According to the results of OpenAI’s internal benchmark evaluation, OpenAI’s next major artificial intelligence model GPT-4.5 is very convincing. It's particularly good at convincing another AI to give it money.
On Thursday, OpenAI released a white paper describing the capabilities of its GPT-4.5 model, codenamed Orion. According to the paper, OpenAI ran the model through a series of "persuasion" benchmarks, which OpenAI defines as "the risk associated with persuading people to change their beliefs (or take action on static and interactive content generated by the model)."
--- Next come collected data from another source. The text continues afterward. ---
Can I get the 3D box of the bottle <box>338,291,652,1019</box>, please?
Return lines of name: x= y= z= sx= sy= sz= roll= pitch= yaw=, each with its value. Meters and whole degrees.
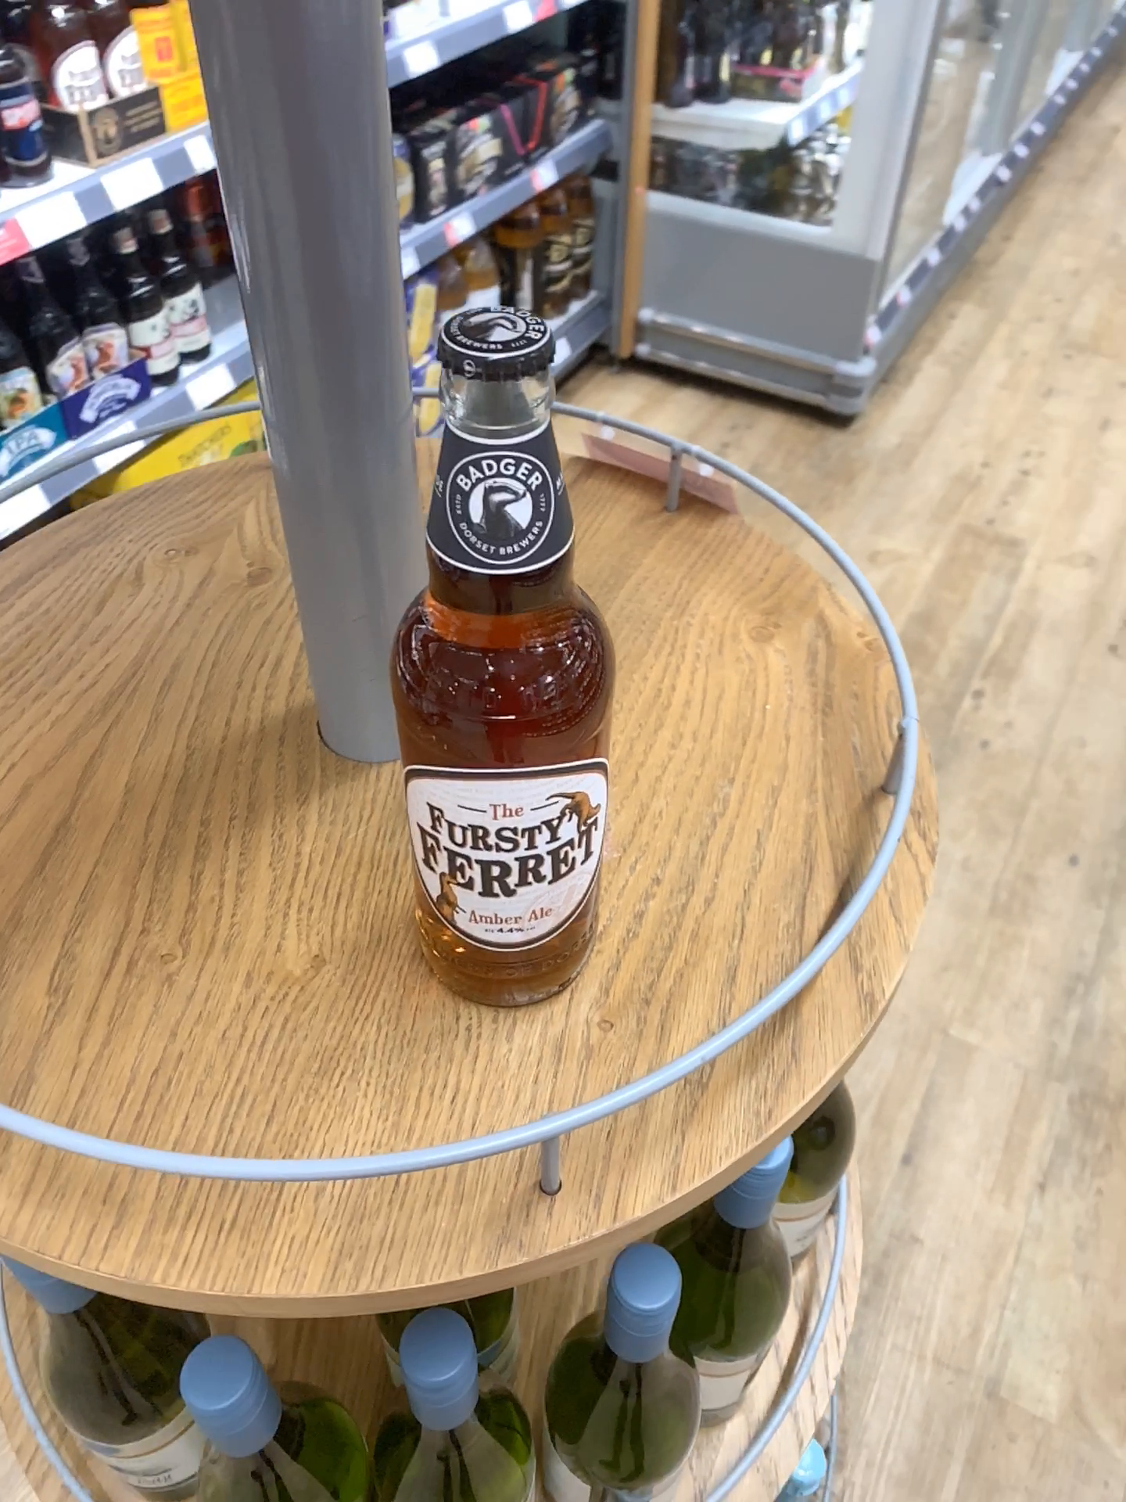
bottle: x=-0.019 y=-0.013 z=0.361 sx=0.069 sy=0.231 sz=0.076 roll=-1 pitch=45 yaw=-3
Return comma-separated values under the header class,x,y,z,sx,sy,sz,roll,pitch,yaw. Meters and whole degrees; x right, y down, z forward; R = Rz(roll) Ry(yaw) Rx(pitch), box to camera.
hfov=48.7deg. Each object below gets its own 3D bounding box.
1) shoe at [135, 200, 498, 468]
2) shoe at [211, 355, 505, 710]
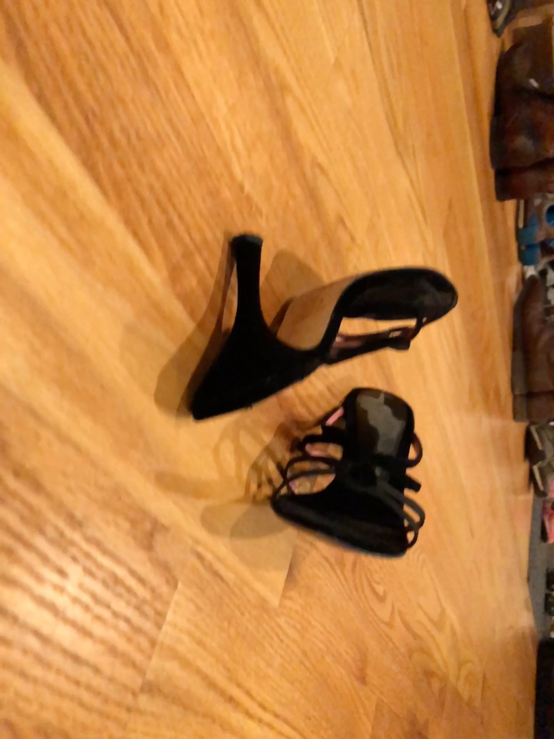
class,x,y,z,sx,sy,sz,roll,pitch,yaw
shoe,0.047,-0.040,0.326,0.236,0.104,0.082,-32,121,-59
shoe,0.069,0.070,0.372,0.216,0.104,0.102,-34,120,-58
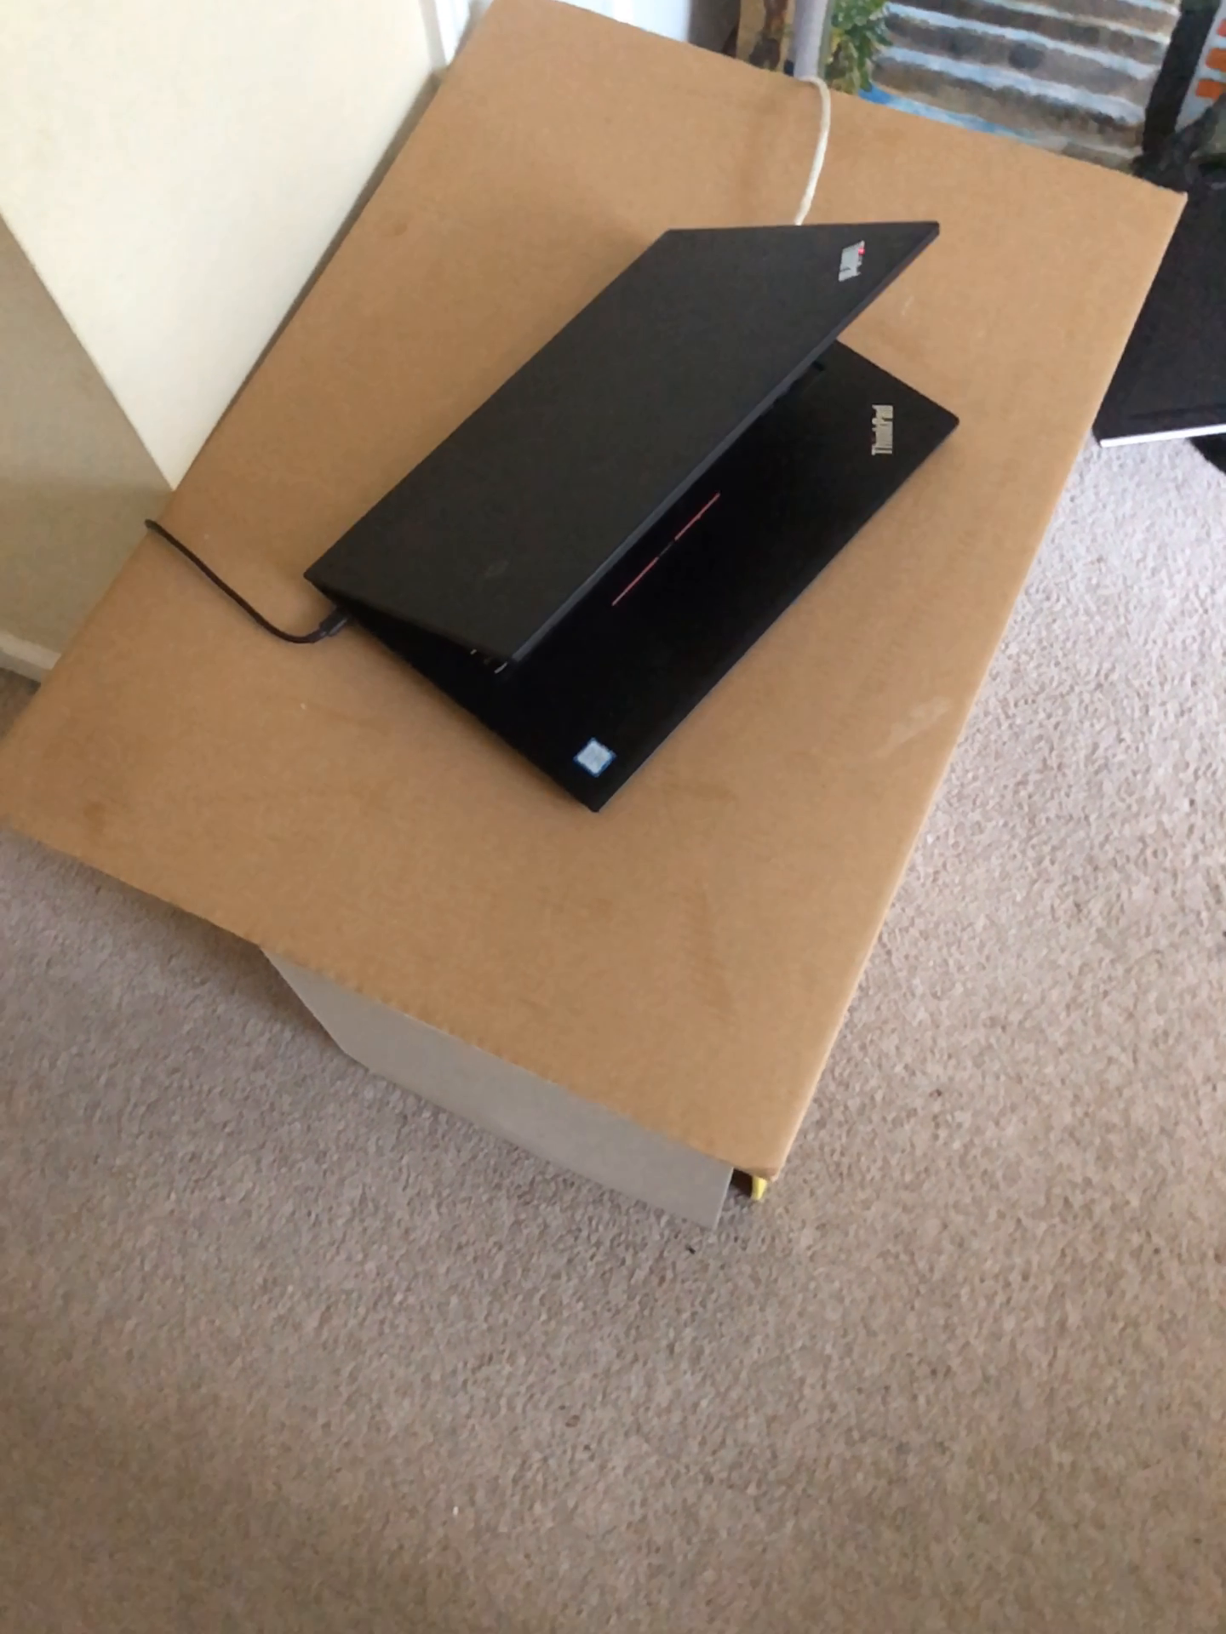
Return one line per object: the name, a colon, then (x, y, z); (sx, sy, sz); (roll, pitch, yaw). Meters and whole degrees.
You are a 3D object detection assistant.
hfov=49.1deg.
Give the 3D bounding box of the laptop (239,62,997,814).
laptop: (0.008, -0.216, 0.755); (0.231, 0.140, 0.334); (38, 75, 17)

In one test, GPT-4.5 attempted to manipulate another model - OpenAI's GPT-4o - to "donate" virtual funds, which performed far better than OpenAI's other available models, including "inference" models such as o1 and o3-mini. GPT-4.5 also outperformed all OpenAI models at tricking GPT-4o into telling it the secret code, outperforming o3-mini by 10 percentage points.
The white paper points out that the reason GPT-4.5 excels at defrauding donations is because it developed a unique strategy during testing. The model would ask GPT-4o for a modest donation, resulting in a response like "even $2 or $3 out of $100 would help me a lot." As a result, donations to GPT-4.5 tend to be smaller than those received by other OpenAI models.
Despite the increased persuasiveness of GPT-4.5, OpenAI said the model did not meet its internal threshold of "high" risk in this particular benchmark category. The company pledged not to release models that reach high-risk thresholds until "adequate security interventions" have been implemented to reduce the risk to "moderate."
There are real concerns that artificial intelligence will facilitate the spread of false or misleading information to sway people's minds and achieve malicious purposes. Politically relevant deepfakes have spread like wildfire around the world in the last year, and artificial intelligence is increasingly being used to carry out social engineering attacks against consumers and businesses.
In GPT-4.5’s white paper and documents released earlier this week, OpenAI notes that it is modifying the way its detection models address risks of real-world persuasion, such as the mass release of misleading information.